We can give one permission group to a user by default, so any newly logged in user has access to a few basic resources (e.g. repositories in the GitLab group that is required for loggin in).
To edit user permissions, an admin user (those that have their numeric GitLab User ID in `admin_gitlab_ids` in the config) can go to `http://search.example:8090/admin` and edit permissions.
## Development
To add a new source of documents, please add it to the scraper package, and then initialize your scraper from the [`indexer/main.go`](indexer/main.go) file with values from the configuration.
### Design Justifications
If you are reasonable, you will be surprised by the number of different services defined in the [`docker-compose.yml`](docker-compose.yaml) file.
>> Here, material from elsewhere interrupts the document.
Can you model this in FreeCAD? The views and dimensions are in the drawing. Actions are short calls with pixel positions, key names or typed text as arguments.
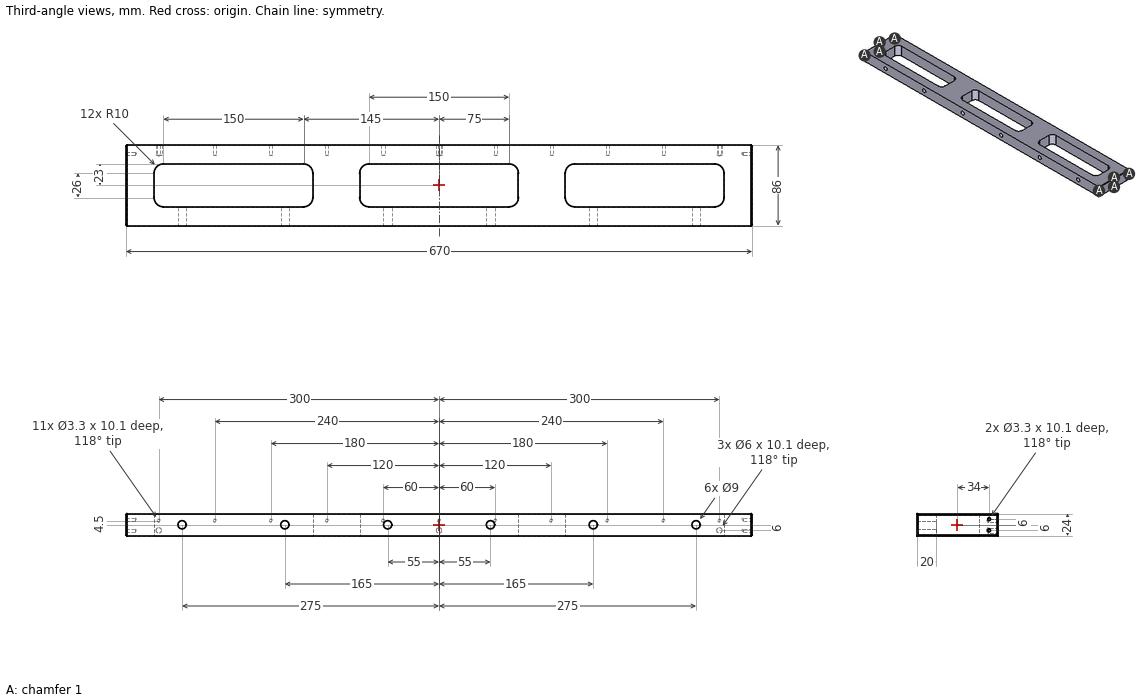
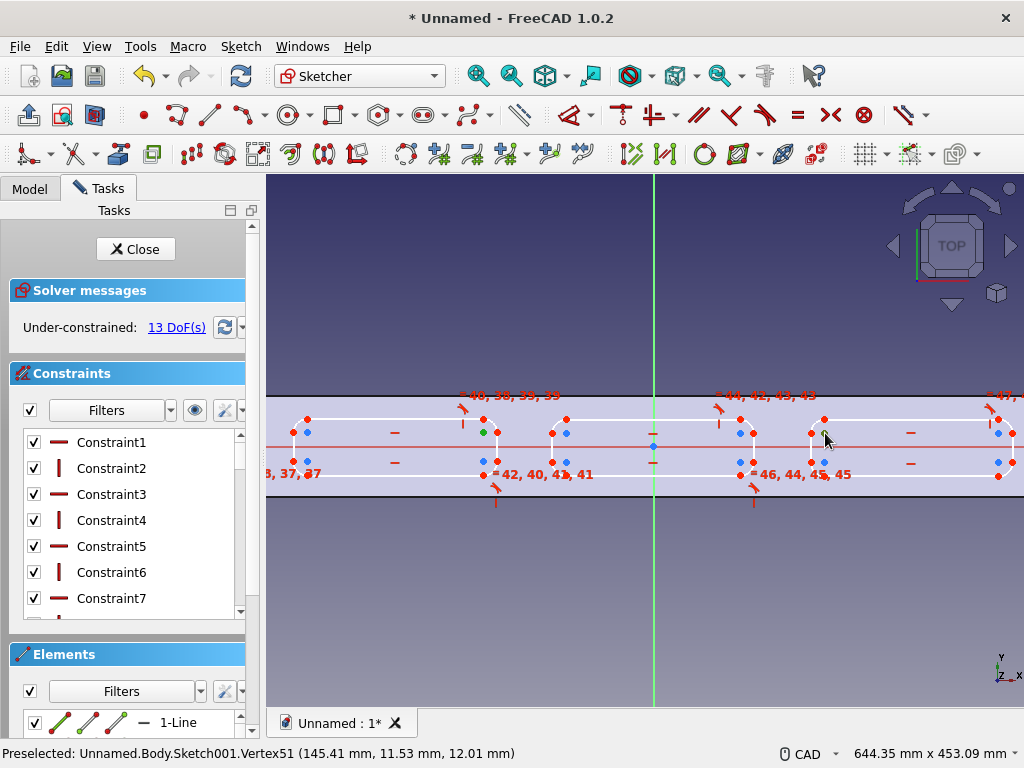
click(654, 645)

Let me explain why this is necessary.
TL;DR: `indexer` and `searcher` are split to reduce attack surface.
Services:
- `meilisearch` & `tika`: services maintained by their own teams that we use unmodified
- `indexer`: indexes network mounts, GitLab instances etc. Initially, this was a "background thread" of the search service, however, it was split out due to security considerations: if there was some kind of path traversal vulnerability in our user-facing backend code, they might be able to access any file on a NAS, as that is mounted into the same container. If we have a separate indexer that is not exposed to the outside world, the attack surface is reduced.
- `searcher`: Takes in search requests and forwards them to Meilisearch. It also does some post-processing on the search results to reduce bandwidth used (as in: only send back the most relevant section)
- `embedder`: Generates text embeddings if enabled, needs a GPU
### Updating Meilisearch
If there is a new Meilisearch version, it is possible that the index format is no longer supported. You could [migrate it via a dump](https://www.meilisearch.com/docs/learn/update_and_migration/updating), or just ignore that and remove the old data (as in, just `rm -rf meili_data`).
Since text extraction is usually cached, only the reindexing of the content is required.
Also, don't just update Meilisearch and assume the search tool will still work - likely, the client library needs to be updated as well.
### [License](LICENSE)
This is free as in freedom software. Do whatever you like with it.